Но что мне сказать, как оправдать себя, если и после этого обстоятельного рассказа приходится признаться в том, что я все еще не достиг цели и надеюсь достичь ее впредь только окольным путем! Во всяком случае, я хотел бы отметить вот что: если юмористу дозволено перескакивать с пятого на десятое, если он дерзко предоставляет читателю отыскивать среди недосказанного, что вообще можно оттуда извлечь, то почему не разрешить человеку рассудительному и разумному прибегнуть к странной на первый взгляд методе и рассредоточить действие, но с тем, чтобы потом увидели его собранным и отраженным в одной точке и узнали, как под разнообразнейшими воздействиями человек поневоле приходит к решению, которого не принял бы ни по внутреннему влечению, ни по внешнему поводу?

Как ни много остается мне еще сказать, я могу выбрать, что предпочесть для начала; но и это все равно, тебе надобно набраться терпения и читать дальше и дальше, и тогда вдруг вполне естественно выговорится то, что показалось бы тебе, будь оно высказано одним словом, весьма странным, так что ты не захотела бы потом даже заглянуть в это предназначенное все разъяснить введение.

Ну вот, чтобы хоть как-то войти в колею, я опять оглянусь на ту уключину и припомню один разговор с нашим испытанным другом Ярно, коего я встретил в горах под именем Монтана; разговор этот вызвал во мне совсем особые чувства, хотя завел я его случайно. Ход нашей жизни таинствен, его нельзя рассчитать заранее. Ты, конечно, помнишь сумку с инструментом, которую извлек ваш превосходный хирург в тот миг, когда ты приблизилась и спасла меня, лежавшего замертво в лесу? Она сразу привлекла мой взгляд и произвела такое глубокое впечатление, что я был в восторге, увидев ее спустя несколько лет в руках молодого врача. Тот не особенно ее ценил; все инструменты стали за последнее время совершеннее и целесообразнее, и мне тем проще было приобрести сумку, что продажа облегчала ему покупку нового набора. С тех пор я всегда носил ее с собой, не ради нужды, а ради отрадных воспоминаний, — ведь она была свидетелем того мига, когда началось мое счастье, достичь которого мне предстояло лишь долгим кружным путем.

Ярно случайно увидал ее, когда мы ночевали у угольщика, сразу узнал и в ответ на мои объяснения возразил: «Я не имею ничего против таких фетишей, напоминающих о неожиданном благе, о важных последствиях ничего не значащего происшествия; они возносят нас ввысь, как все, что указывает на непостижимое, ободряют в минуты смущения и помогают ожить надеждам; но было бы еще лучше, если бы эти орудия побудили тебя узнать, как их применяют, как делают то, чего они молча от тебя требуют».

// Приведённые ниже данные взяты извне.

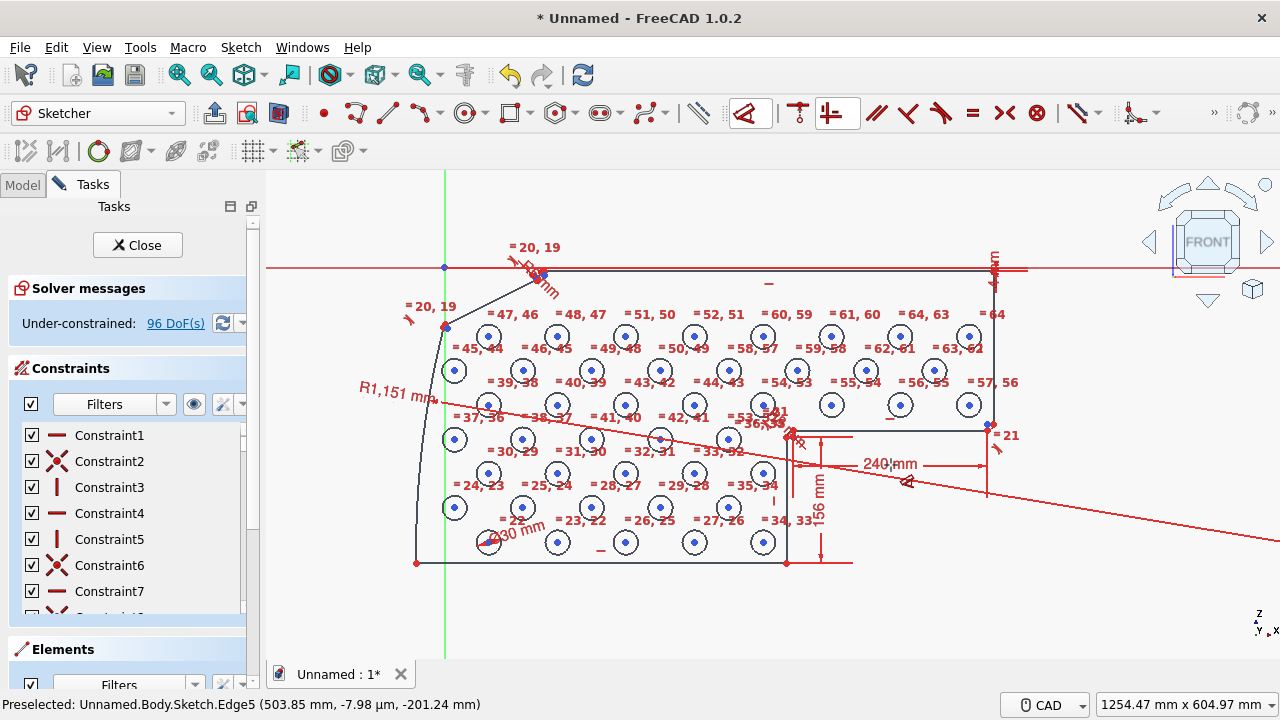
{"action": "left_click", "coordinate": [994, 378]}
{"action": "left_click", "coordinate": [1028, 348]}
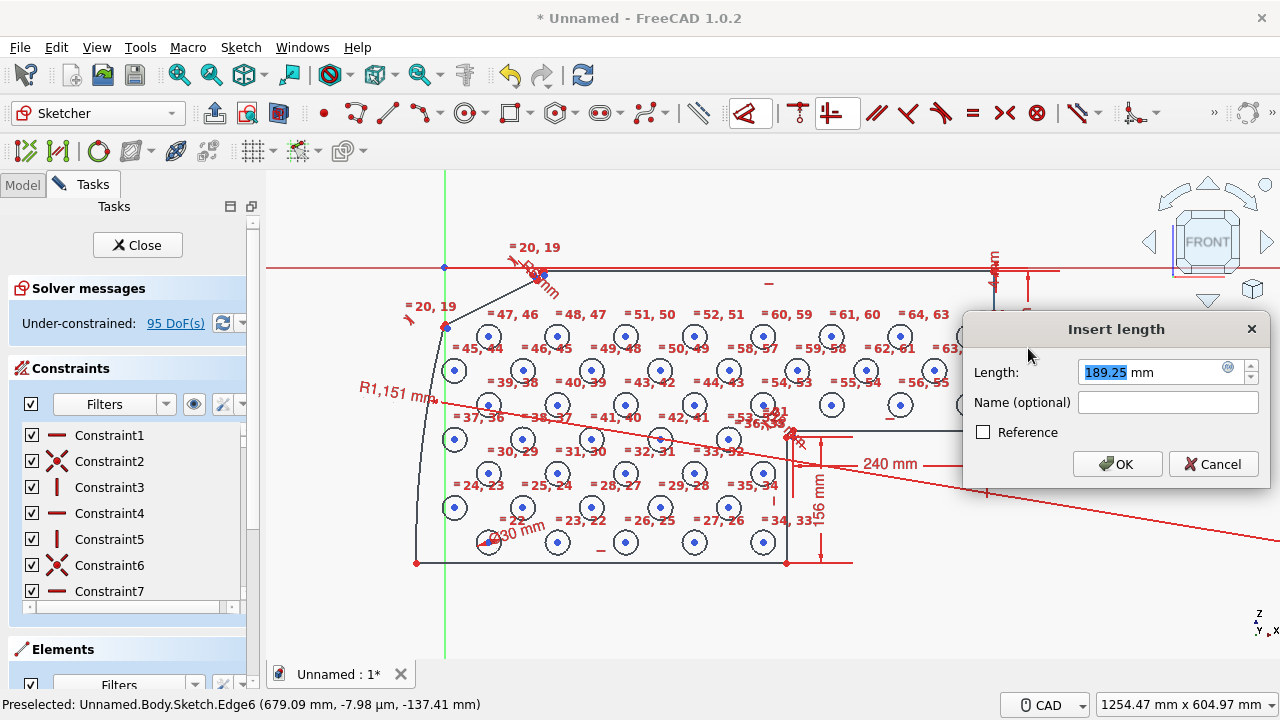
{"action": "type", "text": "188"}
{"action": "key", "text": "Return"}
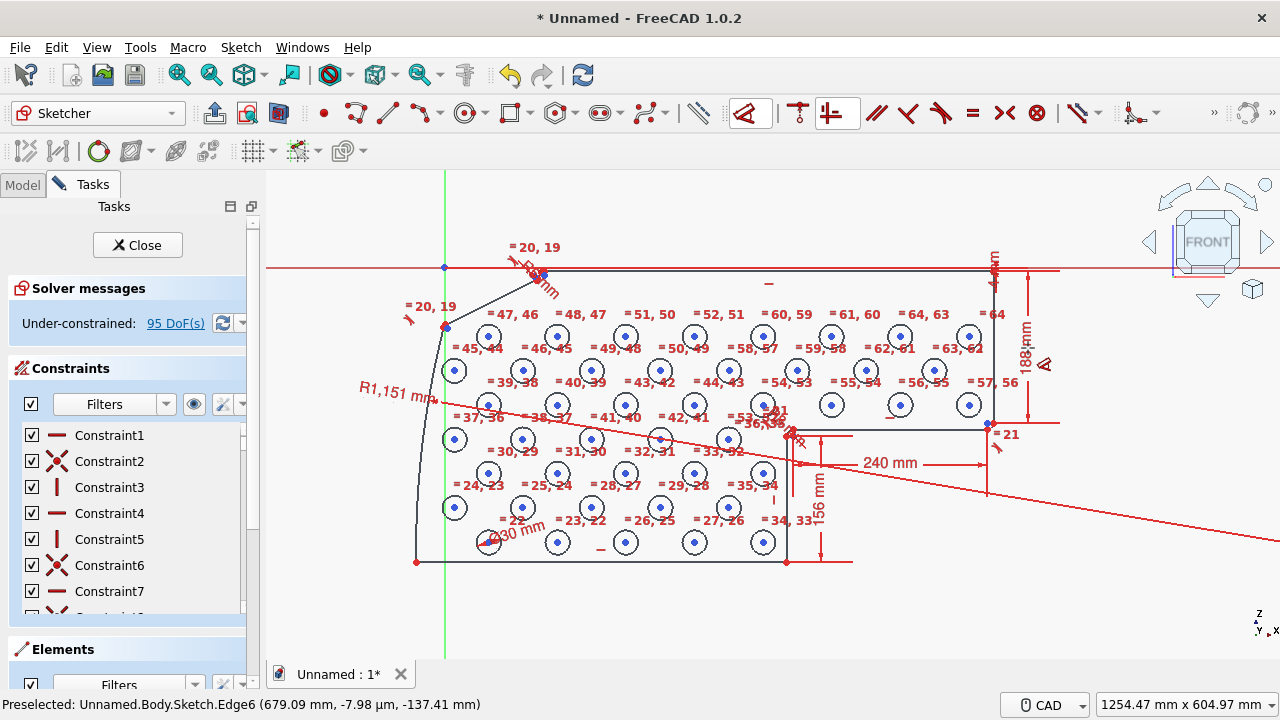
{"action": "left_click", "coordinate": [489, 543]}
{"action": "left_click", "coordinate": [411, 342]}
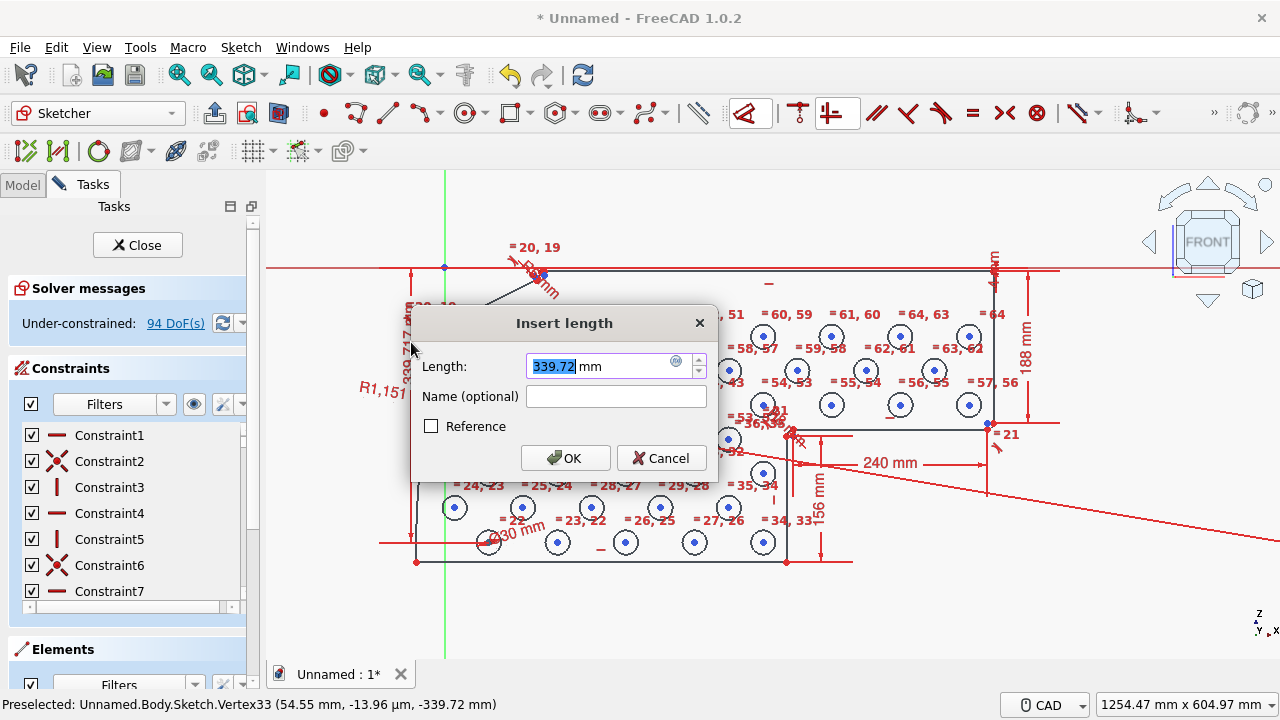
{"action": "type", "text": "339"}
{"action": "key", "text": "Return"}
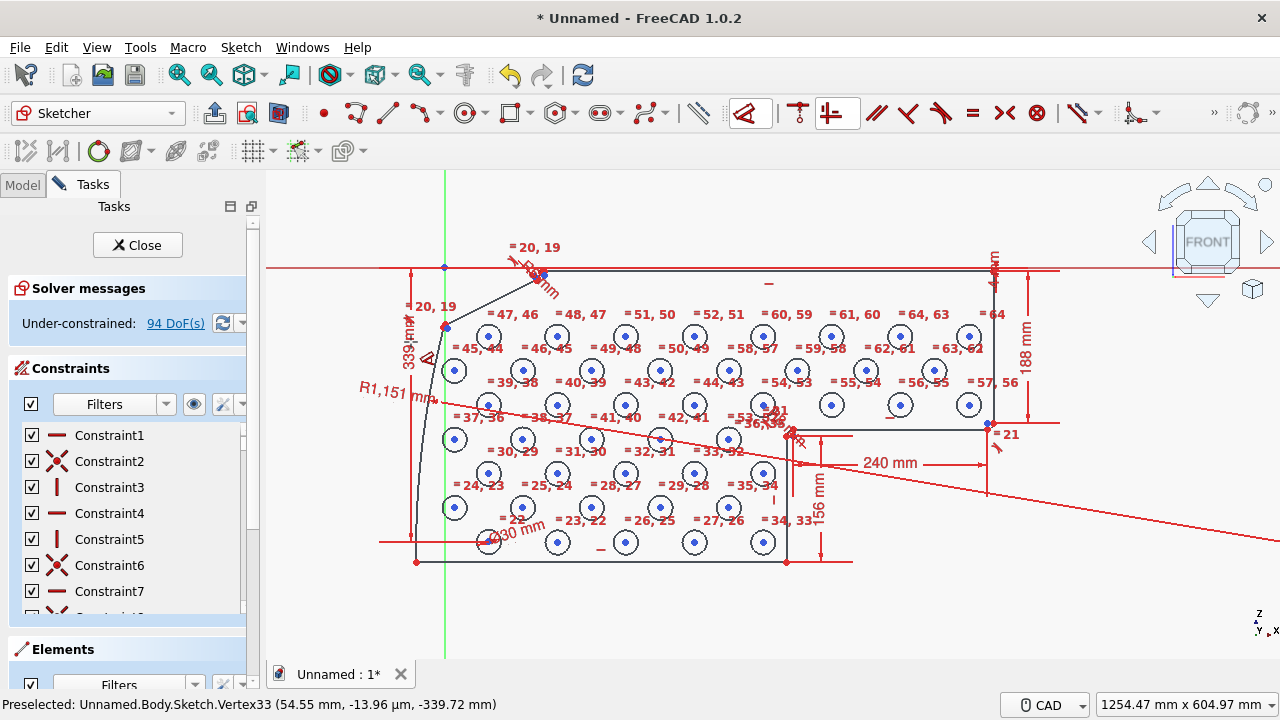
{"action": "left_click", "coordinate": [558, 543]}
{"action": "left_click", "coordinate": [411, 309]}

«Скажу тебе откровенно, — отвечал я, — что мне много раз приходило в голову то же самое, и внутренний голос, пробуждавшийся во мне, требовал признать, что это и есть мое настоящее призвание». Я рассказал ему историю об утонувших мальчиках, о том, что их, как я слышал, спасли бы, если бы отворили им жилу; тогда я вознамерился этому обучиться, но каждый час все больше стирал у меня из памяти это намерение.

«Так вернись к нему теперь! — отозвался Ярно. — Ты уже столько лет у меня на глазах занимаешься только теми вещами, что относятся или касаются до человеческого сердца, ума, души и как бишь их там еще называют, а много ли от этого проку и тебе и другим? Что бы ни было причиной душевных страданий — несчастье или наш собственный промах, но излечить от них здравый смысл не может, разум почти не может, время может, но не до конца, и только неустанная деятельность излечивает совсем. Тут пусть каждый трудится сам на себя и сам за себя; ты мог убедиться в этом и на собственном, и на чужом примере».